(Records contained in a dataset)
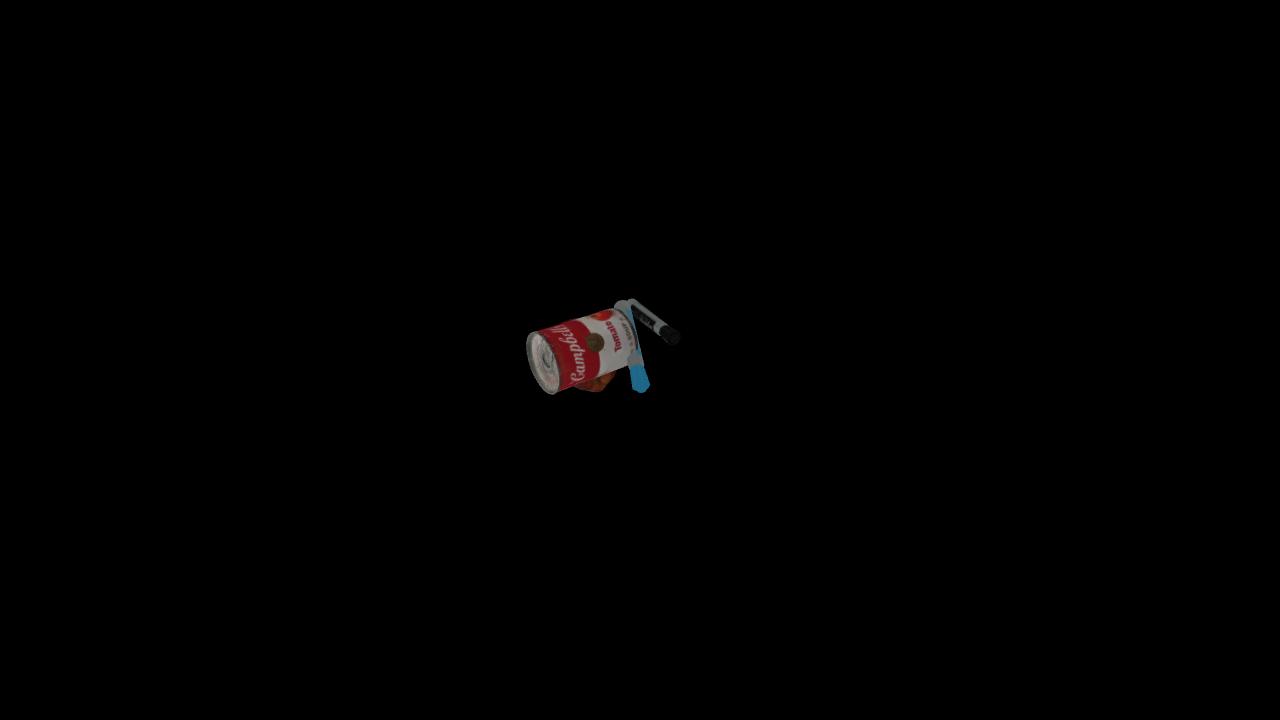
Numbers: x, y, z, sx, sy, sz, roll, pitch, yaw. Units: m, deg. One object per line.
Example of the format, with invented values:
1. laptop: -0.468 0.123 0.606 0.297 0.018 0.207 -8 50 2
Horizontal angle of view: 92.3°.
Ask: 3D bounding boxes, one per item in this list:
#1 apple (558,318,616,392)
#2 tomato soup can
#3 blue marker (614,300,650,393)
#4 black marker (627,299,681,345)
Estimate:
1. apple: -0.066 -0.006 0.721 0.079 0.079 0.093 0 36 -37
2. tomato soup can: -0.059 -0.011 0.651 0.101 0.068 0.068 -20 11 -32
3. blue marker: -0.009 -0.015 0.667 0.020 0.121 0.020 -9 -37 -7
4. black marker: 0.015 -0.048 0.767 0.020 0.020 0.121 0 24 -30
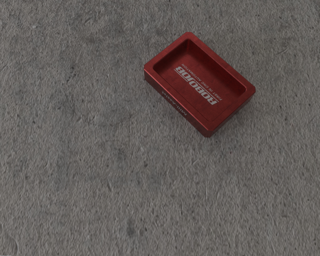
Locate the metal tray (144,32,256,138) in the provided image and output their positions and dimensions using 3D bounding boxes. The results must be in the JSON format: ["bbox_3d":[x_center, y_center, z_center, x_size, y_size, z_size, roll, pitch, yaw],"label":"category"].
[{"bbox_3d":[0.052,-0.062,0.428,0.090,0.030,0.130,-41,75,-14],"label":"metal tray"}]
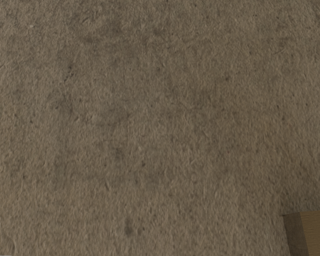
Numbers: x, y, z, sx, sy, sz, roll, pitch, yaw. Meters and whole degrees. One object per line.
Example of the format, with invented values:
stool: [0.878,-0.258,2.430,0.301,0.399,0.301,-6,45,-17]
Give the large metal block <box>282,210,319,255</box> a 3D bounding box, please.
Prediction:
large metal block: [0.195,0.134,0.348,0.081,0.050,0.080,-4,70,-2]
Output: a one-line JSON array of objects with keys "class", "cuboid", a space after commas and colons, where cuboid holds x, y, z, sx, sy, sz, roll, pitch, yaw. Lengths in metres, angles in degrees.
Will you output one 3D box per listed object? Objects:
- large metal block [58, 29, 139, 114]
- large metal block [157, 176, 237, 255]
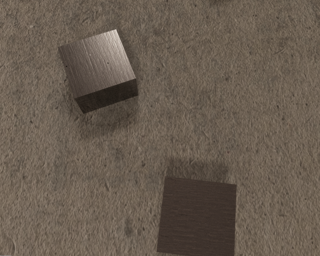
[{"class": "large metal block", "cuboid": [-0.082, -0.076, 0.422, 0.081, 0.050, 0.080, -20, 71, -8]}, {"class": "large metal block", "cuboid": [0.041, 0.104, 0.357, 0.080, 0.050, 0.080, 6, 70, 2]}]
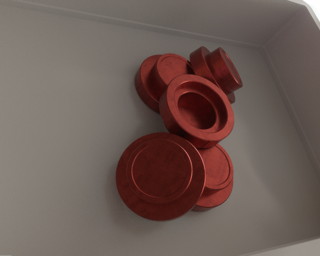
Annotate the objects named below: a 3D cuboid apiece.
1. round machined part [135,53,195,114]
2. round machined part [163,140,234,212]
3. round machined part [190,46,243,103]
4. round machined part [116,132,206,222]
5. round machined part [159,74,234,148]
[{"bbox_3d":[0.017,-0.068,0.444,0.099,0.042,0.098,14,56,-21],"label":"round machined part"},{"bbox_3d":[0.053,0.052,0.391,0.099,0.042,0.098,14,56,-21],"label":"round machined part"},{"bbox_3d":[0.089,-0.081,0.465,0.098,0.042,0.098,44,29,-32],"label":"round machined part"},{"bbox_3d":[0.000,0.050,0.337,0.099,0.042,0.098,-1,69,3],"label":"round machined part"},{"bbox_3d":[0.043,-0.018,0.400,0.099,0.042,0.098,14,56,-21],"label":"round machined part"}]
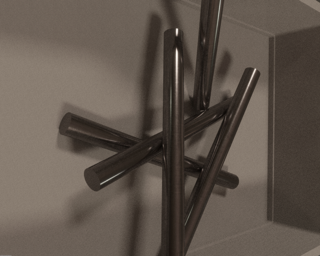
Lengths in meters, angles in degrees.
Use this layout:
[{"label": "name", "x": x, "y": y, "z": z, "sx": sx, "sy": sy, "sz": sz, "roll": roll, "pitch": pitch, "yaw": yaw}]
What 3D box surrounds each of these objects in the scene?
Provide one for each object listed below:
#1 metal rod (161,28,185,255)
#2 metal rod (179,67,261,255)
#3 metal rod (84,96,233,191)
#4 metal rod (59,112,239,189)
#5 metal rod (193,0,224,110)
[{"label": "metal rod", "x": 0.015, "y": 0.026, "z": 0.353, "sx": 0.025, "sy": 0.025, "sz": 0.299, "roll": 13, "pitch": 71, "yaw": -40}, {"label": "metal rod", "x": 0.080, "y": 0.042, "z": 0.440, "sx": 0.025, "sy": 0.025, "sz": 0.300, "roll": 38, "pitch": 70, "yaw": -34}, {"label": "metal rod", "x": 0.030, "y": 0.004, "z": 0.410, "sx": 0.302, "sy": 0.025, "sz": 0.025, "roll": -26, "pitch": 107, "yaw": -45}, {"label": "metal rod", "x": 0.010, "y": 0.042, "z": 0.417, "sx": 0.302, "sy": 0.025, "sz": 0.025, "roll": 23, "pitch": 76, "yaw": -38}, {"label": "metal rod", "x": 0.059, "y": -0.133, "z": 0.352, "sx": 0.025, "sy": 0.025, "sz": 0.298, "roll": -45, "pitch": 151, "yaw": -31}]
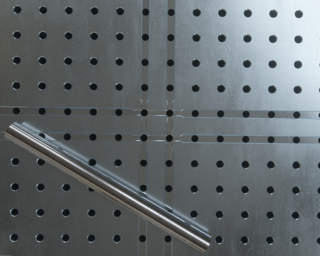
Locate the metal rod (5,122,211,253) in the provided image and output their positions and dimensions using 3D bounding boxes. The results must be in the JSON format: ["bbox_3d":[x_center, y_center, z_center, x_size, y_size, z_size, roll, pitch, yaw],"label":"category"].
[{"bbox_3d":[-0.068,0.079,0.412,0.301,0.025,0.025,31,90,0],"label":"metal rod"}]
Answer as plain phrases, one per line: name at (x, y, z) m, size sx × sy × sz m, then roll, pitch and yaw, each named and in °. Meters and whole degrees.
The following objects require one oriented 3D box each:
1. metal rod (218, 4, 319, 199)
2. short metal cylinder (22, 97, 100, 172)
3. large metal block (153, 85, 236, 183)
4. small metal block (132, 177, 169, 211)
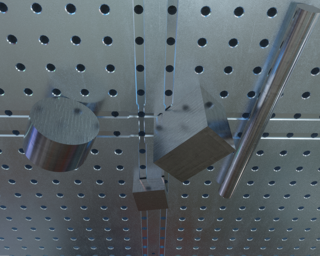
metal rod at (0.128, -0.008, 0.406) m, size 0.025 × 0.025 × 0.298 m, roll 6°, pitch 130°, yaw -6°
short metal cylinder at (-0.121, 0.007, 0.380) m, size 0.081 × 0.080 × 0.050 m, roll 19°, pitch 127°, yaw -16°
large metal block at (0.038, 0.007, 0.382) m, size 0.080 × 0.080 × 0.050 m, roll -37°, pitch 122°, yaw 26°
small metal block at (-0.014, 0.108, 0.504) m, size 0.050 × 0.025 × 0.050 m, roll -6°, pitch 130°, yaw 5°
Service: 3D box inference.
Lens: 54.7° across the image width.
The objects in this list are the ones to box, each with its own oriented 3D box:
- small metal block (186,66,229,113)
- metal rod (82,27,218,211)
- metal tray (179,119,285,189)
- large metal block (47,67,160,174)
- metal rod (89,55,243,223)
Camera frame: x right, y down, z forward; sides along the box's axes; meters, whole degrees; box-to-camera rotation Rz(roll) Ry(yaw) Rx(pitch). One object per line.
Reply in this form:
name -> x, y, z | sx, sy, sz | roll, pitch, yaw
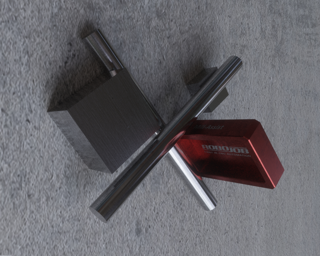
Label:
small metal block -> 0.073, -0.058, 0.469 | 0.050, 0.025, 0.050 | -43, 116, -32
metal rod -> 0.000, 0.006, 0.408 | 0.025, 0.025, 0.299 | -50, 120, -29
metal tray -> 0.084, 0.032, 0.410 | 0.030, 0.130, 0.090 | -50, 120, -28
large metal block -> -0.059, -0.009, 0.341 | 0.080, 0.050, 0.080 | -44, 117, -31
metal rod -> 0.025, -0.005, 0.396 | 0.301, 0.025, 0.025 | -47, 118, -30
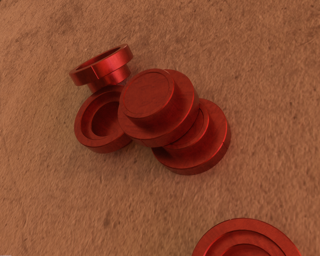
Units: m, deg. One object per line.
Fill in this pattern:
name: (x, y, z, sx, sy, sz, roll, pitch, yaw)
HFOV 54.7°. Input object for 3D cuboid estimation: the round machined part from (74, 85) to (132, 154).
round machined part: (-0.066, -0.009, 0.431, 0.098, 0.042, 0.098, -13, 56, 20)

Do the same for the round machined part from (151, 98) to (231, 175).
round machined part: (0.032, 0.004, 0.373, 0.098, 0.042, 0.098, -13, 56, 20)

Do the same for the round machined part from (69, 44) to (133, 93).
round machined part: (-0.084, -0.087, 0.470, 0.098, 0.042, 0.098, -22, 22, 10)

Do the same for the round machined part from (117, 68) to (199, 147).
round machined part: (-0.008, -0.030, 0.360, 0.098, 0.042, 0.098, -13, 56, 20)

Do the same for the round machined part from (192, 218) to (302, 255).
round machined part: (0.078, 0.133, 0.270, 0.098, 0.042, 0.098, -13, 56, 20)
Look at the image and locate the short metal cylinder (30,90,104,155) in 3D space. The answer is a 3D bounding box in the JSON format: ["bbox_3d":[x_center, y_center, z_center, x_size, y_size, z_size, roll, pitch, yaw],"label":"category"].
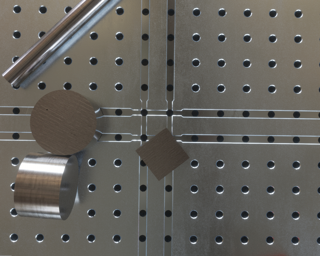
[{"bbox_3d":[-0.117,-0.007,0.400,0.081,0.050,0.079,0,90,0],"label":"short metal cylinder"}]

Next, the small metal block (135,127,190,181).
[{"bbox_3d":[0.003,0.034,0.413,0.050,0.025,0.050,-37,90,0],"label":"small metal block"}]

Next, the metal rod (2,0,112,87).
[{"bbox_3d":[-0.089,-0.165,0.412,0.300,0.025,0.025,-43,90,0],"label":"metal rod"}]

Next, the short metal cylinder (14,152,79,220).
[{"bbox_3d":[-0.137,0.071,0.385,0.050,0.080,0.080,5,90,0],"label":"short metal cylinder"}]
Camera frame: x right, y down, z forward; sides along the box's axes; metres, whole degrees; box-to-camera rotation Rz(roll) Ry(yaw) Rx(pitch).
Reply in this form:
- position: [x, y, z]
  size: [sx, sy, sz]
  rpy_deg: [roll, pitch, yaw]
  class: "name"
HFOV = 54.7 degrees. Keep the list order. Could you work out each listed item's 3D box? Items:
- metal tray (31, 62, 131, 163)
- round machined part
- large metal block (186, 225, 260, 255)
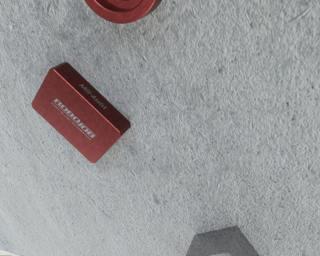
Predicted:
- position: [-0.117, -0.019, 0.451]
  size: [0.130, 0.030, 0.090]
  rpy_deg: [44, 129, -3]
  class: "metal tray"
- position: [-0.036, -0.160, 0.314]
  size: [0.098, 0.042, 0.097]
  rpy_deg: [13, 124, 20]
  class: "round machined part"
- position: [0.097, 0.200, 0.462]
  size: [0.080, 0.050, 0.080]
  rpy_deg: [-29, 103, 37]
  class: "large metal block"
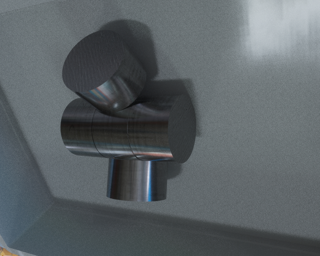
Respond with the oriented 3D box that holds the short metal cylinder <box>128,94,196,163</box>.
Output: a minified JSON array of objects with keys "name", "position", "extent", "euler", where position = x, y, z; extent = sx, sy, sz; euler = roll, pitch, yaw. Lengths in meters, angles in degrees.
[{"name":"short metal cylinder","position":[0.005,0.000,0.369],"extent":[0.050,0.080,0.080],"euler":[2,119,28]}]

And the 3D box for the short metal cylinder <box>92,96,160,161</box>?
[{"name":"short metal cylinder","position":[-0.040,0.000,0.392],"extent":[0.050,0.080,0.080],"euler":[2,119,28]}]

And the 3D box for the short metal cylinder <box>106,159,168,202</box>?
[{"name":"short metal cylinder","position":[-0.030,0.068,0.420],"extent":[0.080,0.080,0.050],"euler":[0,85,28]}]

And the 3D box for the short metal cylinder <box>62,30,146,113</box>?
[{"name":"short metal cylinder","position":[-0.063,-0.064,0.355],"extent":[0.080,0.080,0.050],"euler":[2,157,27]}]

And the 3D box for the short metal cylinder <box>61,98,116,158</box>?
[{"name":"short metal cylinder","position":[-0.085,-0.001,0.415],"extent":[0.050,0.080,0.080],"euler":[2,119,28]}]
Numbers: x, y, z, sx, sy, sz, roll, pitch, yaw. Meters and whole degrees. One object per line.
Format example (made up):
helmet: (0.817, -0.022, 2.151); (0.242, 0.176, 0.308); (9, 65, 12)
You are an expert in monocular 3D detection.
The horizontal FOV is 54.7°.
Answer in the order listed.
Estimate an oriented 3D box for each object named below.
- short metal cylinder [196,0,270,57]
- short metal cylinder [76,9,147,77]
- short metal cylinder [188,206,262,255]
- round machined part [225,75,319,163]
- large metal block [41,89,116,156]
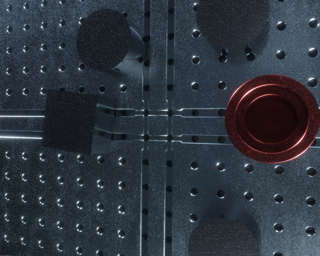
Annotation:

## TASK DETAILS
Say how many lines of the records include the string "frame"; the number alone is enough.

## REPLY TO THE TASK
2